The Interdisciplinary Center for Archaeology and Evolution of Human Behavior (ICArEHB) at the University of Algarve (UAlg) continues to make a significant impact in the international research community. The center has been awarded two new ERC Starting Grants, a prestigious recognition of excellence from the European Research Council (ERC). Dr. Elisa Bandini and Dr. Jonathan Reeves have each secured a grant for their groundbreaking projects, PRIMERS and OLAF, respectively.

Each ERC project brings with it a budget of €1.5 million, which will largely be allocated to new hires at UAlg and fieldwork directly related to these projects. This achievement marks the fourth and fifth ERC grants awarded to ICArEHB in just three years, establishing the center as a unique research hub within UAlg and a standout institution in Portugal for archaeology and human evolution.

These grants further solidify ICArEHB’s and UAlg’s reputation as one of the premier locations worldwide for studying human evolution. The center has attracted an exceptional concentration of leading researchers, many of whom contribute significantly to the Master’s and PhD programs at UAlg, elevating its educational capabilities to a level unmatched in the country.
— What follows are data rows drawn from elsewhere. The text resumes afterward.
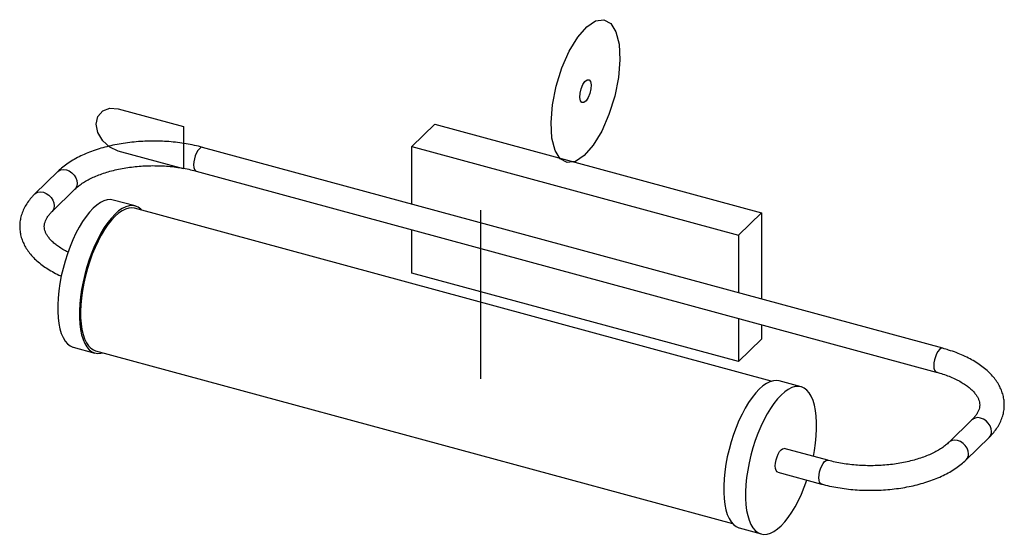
# Paper-space layout '_Trimétrica' of a CAD drawing. Header units: millimetres. Extents: x -138 to 262, y -77 to 133.
import ezdxf

# ---------------------------------------------------------------- set-up
doc = ezdxf.new("R2010")
doc.units = ezdxf.units.MM

psp = doc.layouts.new('_Trimétrica')

# ---------------------------------------------------------------- linework, layer by layer
at = {"color": 7, "linetype": 'Continuous'}
for p, q in [((-97.81, 96.3), (-71.28, 89.09)), ((-71.28, 89.09), (-71.28, 71.95)), ((-71.28, 71.95), (-97.81, 79.16)), ((49.53, -13.46), (49.53, 55.11))]:
    psp.add_line(p, q, dxfattribs=at)
at = {"color": 7, "linetype": 'Continuous', "lineweight": 25}
for p, q in [((30.92, 90.1), (21.59, 80.99)), ((30.92, 90.1), (163.58, 54.05)), ((237.25, -1.06), (-63.46, 80.66)), ((21.59, 80.99), (154.25, 44.94)), ((21.59, 57.55), (21.59, 80.99)), ((-122.3, 70.81), (-131.64, 61.7)), ((-66.08, 71.01), (234.62, -10.71)), ((-124.65, 54.54), (-115.32, 63.65)), ((-90.92, 56.84), (-99.77, 59.24)), ((167.59, -14.46), (-91.19, 55.87)), ((163.58, 54.05), (154.25, 44.94)), ((163.58, 54.05), (163.58, 18.96)), ((21.59, 29.56), (21.59, 47.19)), ((154.25, 44.94), (154.25, 21.49)), ((154.25, -6.49), (21.59, 29.56)), ((154.25, 11.13), (154.25, -6.49)), ((163.58, 8.6), (163.58, 2.62)), ((163.58, 2.62), (154.25, -6.49)), ((-116.03, -0.59), (-107.19, -2.99)), ((-106.92, -2.03), (151.85, -72.36)), ((179.71, -16.72), (170.86, -14.31)), ((249.15, -30.14), (239.82, -39.25)), ((246.8, -46.41), (256.14, -37.3)), ((190.58, -46.61), (172.89, -41.81)), ((170.27, -51.46), (187.95, -56.26)), ((154.6, -74.14), (163.45, -76.55))]:
    psp.add_line(p, q, dxfattribs=at)
at = {"color": 7, "linetype": 'Continuous', "flags": 128}
for points in [[(78.72, 97.99), (80.24, 105.58), (82.56, 113.03), (85.54, 119.83), (88.96, 125.52), (92.6, 129.72), (96.21, 132.13), (99.53, 132.59), (102.35, 131.07), (104.47, 127.68), (105.75, 122.64), (106.1, 116.3), (105.5, 109.09), (103.99, 101.5), (101.66, 94.05), (98.69, 87.25), (95.26, 81.56), (91.62, 77.36), (88.02, 74.95), (84.69, 74.49), (81.87, 76.01), (79.75, 79.4), (78.47, 84.44), (78.12, 90.78), (78.72, 97.99)], [(89.95, 102.64), (90.37, 104.48), (91.05, 106.17), (91.9, 107.47), (92.77, 108.16), (93.55, 108.15), (94.11, 107.44), (94.37, 106.14), (94.28, 104.44), (93.86, 102.6), (93.17, 100.91), (92.33, 99.61), (91.45, 98.92), (90.67, 98.93), (90.11, 99.64), (89.86, 100.94), (89.95, 102.64)], [(-97.81, 79.16), (-101.19, 80.73), (-104.06, 83.37), (-105.98, 86.67), (-106.65, 90.13), (-105.98, 93.23), (-104.06, 95.49), (-101.19, 96.57), (-97.81, 96.3)]]:
    psp.add_lwpolyline(points, dxfattribs=at)
at = {"color": 8, "linetype": 'Continuous', "lineweight": 25, "flags": 128}
for points in [[(-63.46, 80.66), (-63.6, 80.69), (-64.16, 80.57), (-64.77, 80.12), (-65.37, 79.39), (-65.93, 78.41), (-66.42, 77.26), (-66.79, 76.01), (-67.02, 74.75), (-67.1, 73.56), (-67.02, 72.53), (-66.79, 71.72), (-66.42, 71.2), (-66.08, 71.01)], [(-122.3, 70.81), (-121.94, 71.11), (-121.02, 71.54), (-119.96, 71.68), (-118.81, 71.52), (-117.67, 71.06), (-116.6, 70.34), (-115.68, 69.41), (-114.98, 68.33), (-114.54, 67.18), (-114.39, 66.03), (-114.54, 64.96), (-114.98, 64.05), (-115.32, 63.65)], [(-131.64, 61.7), (-131.27, 62), (-130.36, 62.43), (-129.29, 62.57), (-128.15, 62.41), (-127, 61.95), (-125.93, 61.23), (-125.02, 60.3), (-124.32, 59.22), (-123.87, 58.07), (-123.72, 56.92), (-123.87, 55.85), (-124.32, 54.94), (-124.64, 54.55)], [(237.25, -1.06), (237.1, -1.04), (236.54, -1.16), (235.94, -1.6), (235.33, -2.34), (234.77, -3.31), (234.28, -4.47), (233.91, -5.72), (233.68, -6.98), (233.6, -8.16), (233.68, -9.2), (233.91, -10), (234.28, -10.53), (234.62, -10.71)], [(257.07, -34.92), (256.92, -33.77), (256.47, -32.62), (255.77, -31.54), (254.85, -30.61), (253.79, -29.89), (252.64, -29.44), (251.5, -29.27), (250.43, -29.41), (249.52, -29.84), (249.15, -30.14)], [(247.73, -44.03), (247.58, -42.88), (247.14, -41.73), (246.44, -40.65), (245.52, -39.72), (244.45, -39), (243.31, -38.55), (242.17, -38.38), (241.1, -38.52), (240.18, -38.95), (239.83, -39.25)], [(186.93, -53.72), (187.01, -52.53), (187.24, -51.27), (187.62, -50.02), (188.1, -48.87), (188.66, -47.89), (189.27, -47.15), (189.87, -46.71), (190.43, -46.59), (190.58, -46.61)], [(187.96, -56.26), (187.62, -56.08), (187.24, -55.55), (187.01, -54.75), (186.93, -53.72)]]:
    psp.add_lwpolyline(points, dxfattribs=at)
at = {"color": 7, "linetype": 'Continuous', "lineweight": 25, "flags": 128}
for points in [[(-99.77, 59.24), (-100.88, 59.41), (-102.19, 59.31), (-103.57, 58.91), (-104.99, 58.2), (-106.44, 57.19), (-107.9, 55.9)], [(-88.17, 55.05), (-88.57, 55.46), (-89.63, 56.28), (-90.79, 56.8), (-92.03, 57.01), (-93.35, 56.91), (-94.72, 56.5), (-96.14, 55.79), (-97.59, 54.79), (-99.05, 53.49)], [(-91.19, 55.87), (-92.16, 56.03), (-93.45, 55.96), (-94.8, 55.57), (-96.19, 54.89), (-97.62, 53.9), (-99.05, 52.64)], [(-107.9, 55.9), (-109.36, 54.33), (-110.81, 52.51), (-112.23, 50.45), (-113.6, 48.17), (-114.92, 45.71), (-116.16, 43.07), (-117.32, 40.29), (-118.38, 37.4), (-119.34, 34.42), (-120.18, 31.4), (-120.89, 28.35), (-121.47, 25.31), (-121.9, 22.32), (-122.2, 19.39), (-122.35, 16.57), (-122.35, 13.88), (-122.2, 11.34), (-121.9, 8.99), (-121.47, 6.85), (-120.89, 4.94), (-120.18, 3.29), (-119.34, 1.89), (-118.38, 0.78), (-117.32, -0.04), (-116.16, -0.55), (-116.03, -0.59)], [(-99.05, 53.49), (-100.52, 51.93), (-101.97, 50.11), (-103.39, 48.05), (-104.76, 45.77), (-106.08, 43.3), (-107.32, 40.66), (-108.48, 37.88), (-109.54, 34.99), (-110.5, 32.02), (-111.33, 28.99), (-112.04, 25.95), (-112.62, 22.91), (-113.06, 19.91), (-113.36, 16.99), (-113.5, 14.16), (-113.5, 11.47), (-113.36, 8.94), (-113.06, 6.59), (-112.62, 4.45), (-112.04, 2.54), (-111.33, 0.88), (-110.5, -0.51), (-109.54, -1.62), (-108.48, -2.44), (-107.32, -2.96), (-106.08, -3.17), (-104.76, -3.07), (-103.91, -2.85)], [(-99.05, 52.64), (-100.49, 51.09), (-101.92, 49.3), (-103.31, 47.26), (-104.66, 45.01), (-105.95, 42.57), (-107.17, 39.96), (-108.3, 37.22), (-109.33, 34.36), (-110.25, 31.43), (-111.06, 28.44), (-111.74, 25.45), (-112.28, 22.46), (-112.68, 19.53), (-112.94, 16.67), (-113.05, 13.92), (-113.01, 11.31), (-112.83, 8.87), (-112.5, 6.61), (-112.02, 4.57), (-111.41, 2.77), (-110.67, 1.23), (-109.81, -0.05), (-108.83, -1.03), (-107.74, -1.72), (-106.92, -2.03)], [(170.86, -14.31), (169.75, -14.14), (168.44, -14.24), (167.06, -14.65), (165.65, -15.36), (164.2, -16.36), (162.73, -17.66)], [(162.73, -17.66), (161.27, -19.22), (159.82, -21.04), (158.4, -23.1), (157.03, -25.38), (155.71, -27.85), (154.47, -30.48), (153.31, -33.26), (152.25, -36.15), (151.29, -39.13), (150.46, -42.16), (149.74, -45.2), (149.17, -48.24), (148.73, -51.24), (148.43, -54.16), (148.28, -56.98), (148.28, -59.68), (148.43, -62.21), (148.73, -64.56), (149.17, -66.7), (149.74, -68.61), (150.46, -70.27), (151.29, -71.66), (152.25, -72.77), (153.31, -73.59), (154.47, -74.1), (154.6, -74.14)], [(184.7, -45.02), (185.14, -42.62), (185.58, -39.62), (185.88, -36.7), (186.03, -33.87), (186.03, -31.18), (185.88, -28.65), (185.58, -26.3), (185.14, -24.16), (184.57, -22.25), (183.85, -20.59), (183.02, -19.2), (182.06, -18.09), (181, -17.27), (179.84, -16.75), (178.6, -16.54), (177.28, -16.64), (175.91, -17.05), (174.49, -17.76), (173.04, -18.77), (171.58, -20.06)], [(171.58, -20.06), (170.11, -21.62), (168.66, -23.45), (167.25, -25.5), (165.87, -27.78), (164.56, -30.25), (163.31, -32.89), (162.15, -35.67), (161.09, -38.56), (160.14, -41.53), (159.3, -44.56), (158.59, -47.61), (158.01, -50.64), (157.57, -53.64), (157.28, -56.57), (157.13, -59.39), (157.13, -62.08), (157.28, -64.61), (157.57, -66.96), (158.01, -69.1), (158.59, -71.01), (159.3, -72.67), (160.14, -74.06), (161.09, -75.17), (162.15, -75.99), (163.31, -76.51), (164.56, -76.72), (165.87, -76.62), (167.25, -76.21), (168.66, -75.5), (170.11, -74.5), (171.58, -73.2), (173.04, -71.64), (174.49, -69.82), (175.91, -67.76), (177.28, -65.48), (178.6, -63.01), (179.84, -60.37), (181, -57.59), (182.06, -54.7), (182.08, -54.67)], [(169.24, -48.91), (169.32, -47.72), (169.56, -46.46), (169.93, -45.21), (170.41, -44.06), (170.97, -43.08), (171.58, -42.35), (172.18, -41.9), (172.74, -41.78), (172.89, -41.81)], [(170.27, -51.46), (169.93, -51.27), (169.56, -50.75), (169.32, -49.94), (169.24, -48.91)]]:
    psp.add_lwpolyline(points, dxfattribs=at)
at = {"color": 8, "linetype": 'Continuous', "lineweight": 25}
for centre, start, end in [((253.84, -35.03), 315.3272, 1.9385), ((244.51, -44.14), 315.3149, 1.9389)]:
    psp.add_arc(centre, 3.22, start, end, dxfattribs=at)
at = {"color": 7, "linetype": 'Continuous', "lineweight": 25}
for points, knots in [([(-63.46, 80.66), (-64.03, 80.81), (-65.67, 81.24), (-68.48, 81.85), (-71.9, 82.43), (-75.38, 82.85), (-78.91, 83.12), (-82.47, 83.24), (-86.03, 83.2), (-89.58, 83.01), (-93.09, 82.67), (-96.54, 82.18), (-99.92, 81.54), (-103.2, 80.75), (-106.36, 79.81), (-109.39, 78.74), (-112.27, 77.52), (-114.98, 76.16), (-117.5, 74.66), (-119.76, 73.06), (-121.32, 71.75), (-122.11, 70.99), (-122.3, 70.81)], [0, 0, 0, 0, 0.028143, 0.081282, 0.134301, 0.187217, 0.24006, 0.29286, 0.345644, 0.39844, 0.451271, 0.504166, 0.557157, 0.610275, 0.663553, 0.717023, 0.77071, 0.824628, 0.878766, 0.933065, 0.983707, 1, 1, 1, 1]), ([(-115.32, 63.65), (-115.1, 63.86), (-114.46, 64.46), (-113.21, 65.46), (-111.5, 66.61), (-109.55, 67.71), (-107.38, 68.74), (-105.01, 69.69), (-102.46, 70.56), (-99.74, 71.31), (-96.88, 71.95), (-93.9, 72.47), (-90.83, 72.86), (-87.7, 73.12), (-84.52, 73.23), (-81.34, 73.21), (-78.17, 73.05), (-75.05, 72.75), (-72, 72.32), (-69.1, 71.77), (-67.15, 71.3), (-66.18, 71.04), (-66.08, 71.01)], [0, 0, 0, 0, 0.027642, 0.080343, 0.133039, 0.185794, 0.238753, 0.291973, 0.345466, 0.399214, 0.453187, 0.507348, 0.561659, 0.61608, 0.670575, 0.725106, 0.779635, 0.834116, 0.88851, 0.942781, 0.993954, 1, 1, 1, 1]), ([(-131.64, 61.7), (-131.97, 61.36), (-132.91, 60.41), (-134.27, 58.76), (-135.59, 56.72), (-136.6, 54.61), (-137.31, 52.48), (-137.71, 50.33), (-137.81, 48.19), (-137.63, 46.08), (-137.16, 44.01), (-136.43, 41.99), (-135.42, 40.01), (-134.15, 38.1), (-132.6, 36.25), (-130.79, 34.47), (-128.72, 32.78), (-126.42, 31.2), (-123.88, 29.75), (-122, 28.78), (-120.93, 28.35), (-120.83, 28.31)], [0, 0, 0, 0, 0.032602, 0.092228, 0.150991, 0.208304, 0.264059, 0.318423, 0.37178, 0.424634, 0.477417, 0.530606, 0.584677, 0.639973, 0.696654, 0.754659, 0.813733, 0.873521, 0.933672, 0.993893, 1, 1, 1, 1]), ([(-118.12, 38.08), (-118.32, 38.17), (-119.24, 38.6), (-120.69, 39.44), (-122.43, 40.58), (-123.91, 41.75), (-125.15, 42.93), (-126.13, 44.1), (-126.87, 45.24), (-127.39, 46.34), (-127.7, 47.42), (-127.81, 48.53), (-127.69, 49.64), (-127.35, 50.77), (-126.8, 51.9), (-126.03, 53.05), (-125.25, 53.95), (-124.76, 54.44), (-124.65, 54.54)], [0, 0, 0, 0, 0.017473, 0.083247, 0.14865, 0.21376, 0.278771, 0.34392, 0.409776, 0.477341, 0.548312, 0.62536, 0.710896, 0.782413, 0.848988, 0.919821, 0.98212, 1, 1, 1, 1]), ([(256.14, -37.3), (256.47, -36.96), (257.41, -36.01), (258.76, -34.36), (260.09, -32.32), (261.1, -30.22), (261.81, -28.08), (262.21, -25.93), (262.31, -23.8), (262.13, -21.69), (261.66, -19.61), (260.92, -17.59), (259.92, -15.61), (258.64, -13.7), (257.1, -11.85), (255.29, -10.07), (253.22, -8.38), (250.92, -6.8), (248.38, -5.34), (245.66, -4.01), (242.75, -2.81), (239.94, -1.83), (238.06, -1.29), (237.25, -1.06)], [0, 0, 0, 0, 0.028113, 0.07953, 0.130202, 0.179624, 0.227702, 0.274581, 0.320592, 0.366168, 0.411684, 0.45755, 0.504176, 0.551859, 0.600735, 0.650754, 0.701695, 0.753251, 0.805119, 0.857049, 0.908885, 0.960574, 1, 1, 1, 1]), ([(234.62, -10.71), (235.1, -10.85), (236.48, -11.23), (238.64, -11.96), (241.04, -12.91), (243.23, -13.94), (245.2, -15.04), (246.93, -16.18), (248.41, -17.35), (249.65, -18.53), (250.63, -19.7), (251.37, -20.84), (251.89, -21.94), (252.2, -23.02), (252.31, -24.13), (252.19, -25.24), (251.85, -26.37), (251.3, -27.5), (250.52, -28.65), (249.75, -29.55), (249.26, -30.04), (249.15, -30.14)], [0, 0, 0, 0, 0.028868, 0.083774, 0.138433, 0.192789, 0.246827, 0.30056, 0.354052, 0.407463, 0.460987, 0.515092, 0.570601, 0.628908, 0.692208, 0.762482, 0.821238, 0.875934, 0.934128, 0.98531, 1, 1, 1, 1]), ([(239.82, -39.25), (239.6, -39.46), (238.96, -40.06), (237.71, -41.06), (236, -42.21), (234.05, -43.31), (231.88, -44.34), (229.51, -45.3), (226.96, -46.16), (224.24, -46.91), (221.38, -47.55), (218.4, -48.07), (215.33, -48.46), (212.19, -48.72), (209.02, -48.83), (205.84, -48.81), (202.67, -48.65), (199.55, -48.35), (196.5, -47.92), (193.6, -47.37), (191.65, -46.9), (190.68, -46.64), (190.58, -46.61)], [0, 0, 0, 0, 0.0276422, 0.0803426, 0.1330394, 0.1857943, 0.2387525, 0.2919732, 0.345466, 0.3992141, 0.4531869, 0.5073479, 0.5616585, 0.6160802, 0.6705752, 0.7251064, 0.7796355, 0.8341158, 0.8885103, 0.9427808, 0.9939539, 1, 1, 1, 1]), ([(187.95, -56.26), (188.52, -56.41), (190.17, -56.85), (192.98, -57.45), (196.4, -58.03), (199.88, -58.45), (203.41, -58.72), (206.97, -58.84), (210.53, -58.8), (214.08, -58.62), (217.59, -58.27), (221.04, -57.78), (224.42, -57.14), (227.69, -56.35), (230.86, -55.42), (233.89, -54.34), (236.77, -53.12), (239.47, -51.76), (242, -50.26), (244.25, -48.66), (245.82, -47.35), (246.61, -46.6), (246.8, -46.41)], [0, 0, 0, 0, 0.028143, 0.081282, 0.134301, 0.187217, 0.24006, 0.29286, 0.345644, 0.39844, 0.451271, 0.504166, 0.557157, 0.610275, 0.663553, 0.717023, 0.77071, 0.824628, 0.878766, 0.933065, 0.983707, 1, 1, 1, 1])]:
    psp.add_open_spline(points, degree=3, knots=knots, dxfattribs=at)

doc.saveas('drawing.dxf')

The arrival of researchers from esteemed institutions like the Max Planck Institute (Germany) and the University of Zurich (Switzerland) to ICArEHB underscores the potential of Portugal and the Algarve to become a hub of knowledge-driven economic growth. However, realizing this potential will require continued investment and strategic decisions by local and national authorities. While the ERC-PT Careers program by the Foundation for Science and Technology (FCT) is a positive step, further efforts are needed at the university and local administration levels to foster an environment where such world-class research can thrive.

Discover the projects:

Elisa Bandini: PRIMERS

A hallmark of human culture is our unsurpassed innovative ability, which allowed us to expand into almost all environments on the planet and build the cultural world we inhabit today. By identifying the conditions driving innovations across primates, we can provide new insight into when and how humans developed this unique culture. PRIMERS will address this need by adopting a systematic and holistic approach to testing the catalysts of a watershed behaviour in our evolutionary history: the ability to make and use sharp stone tools (flakes). The advent of intentional flakes in the human lineage marks the first clear divergence between animal and human technology. With tools to access high-value calories, our ancestors now had the physical and cognitive resources to lay the groundwork for our culture. PRIMERS will use a triangulation approach to follow the emergence of flaking in appropriate proxy models: wild and captive chimpanzees, capuchins, and macaques. Objective 1 will define the baseline stone manipulation propensities of these species using novel artificial intelligence coding methods. Objective 2 will test two other major drivers of innovations: exposure and experience. An experimental paradigm with in-built controls, large sample sizes (N =350), and long-term testing protocols (approx. 4 years) will be used to empirically evaluate the cognitive and developmental primers of innovations. Objective 3 will systematically compare primate assemblages to some of the oldest human stone tools, allowing for inferences to be made on when cognitive capacities diverged between humans and other primates. Structural Equation Models will then determine the relative contributions and interactions between the measured factors. By testing three species, combining and upscaling experimental paradigms and implementing powerful modelling tools, PRIMERS will radically enhance our understanding of the conditions required for innovations, and with it, the primers of human culture.

Jonathan Reeves: OLAF

Tool production is intrinsically tied to the evolution of our species as it allows us to occupy nearly every environment on the planet. The widespread production of sharp-edged tools known as the Oldowan, 2.6 million years ago, is regarded as a major adaptive leap as it may have fundamentally changed the ecology of our ancestors. This major adaptative shift resulted in a change in diet, enhanced ecological versatility for a range of environments, and, ultimately, the proliferation of the human lineage across the globe. However, it remains unclear if the emergence of Oldowan technologies resulted from a watershed innovation or if it represents a technological continuity of the tool repertoire of apes. The OLAF project aims to determine the adaptive significance of the appearance of the Oldowan by implementing a new set of theoretical tools while shifting the scale of archaeological analysis from the site to a broader landscape level. OLAF will use agent-based modeling to directly investigate the relationship between stone tool use, environmental factors, and site formation processes at the landscape scale and generate concurrent expectations for how hominin-environment interactions produce patterns in the archaeological record. In parallel, we will reconstruct the portions of the Ledi Geraru (Ethiopia) research area where sediments have preserved the 2.6-million-year-old artifact and fossil-rich paleolandscape, over an area of 33 square kilometers. Agent-based models that are tailored to local data, will validate, or reject predictions concerning mobility, diet, or space use. OLAF will thus provide a comprehensive understanding of the tool-mediated foraging behaviors of the earliest Oldowan tool makers, allowing us to examine the adaptive benefits of tool use at the dawn of humanity.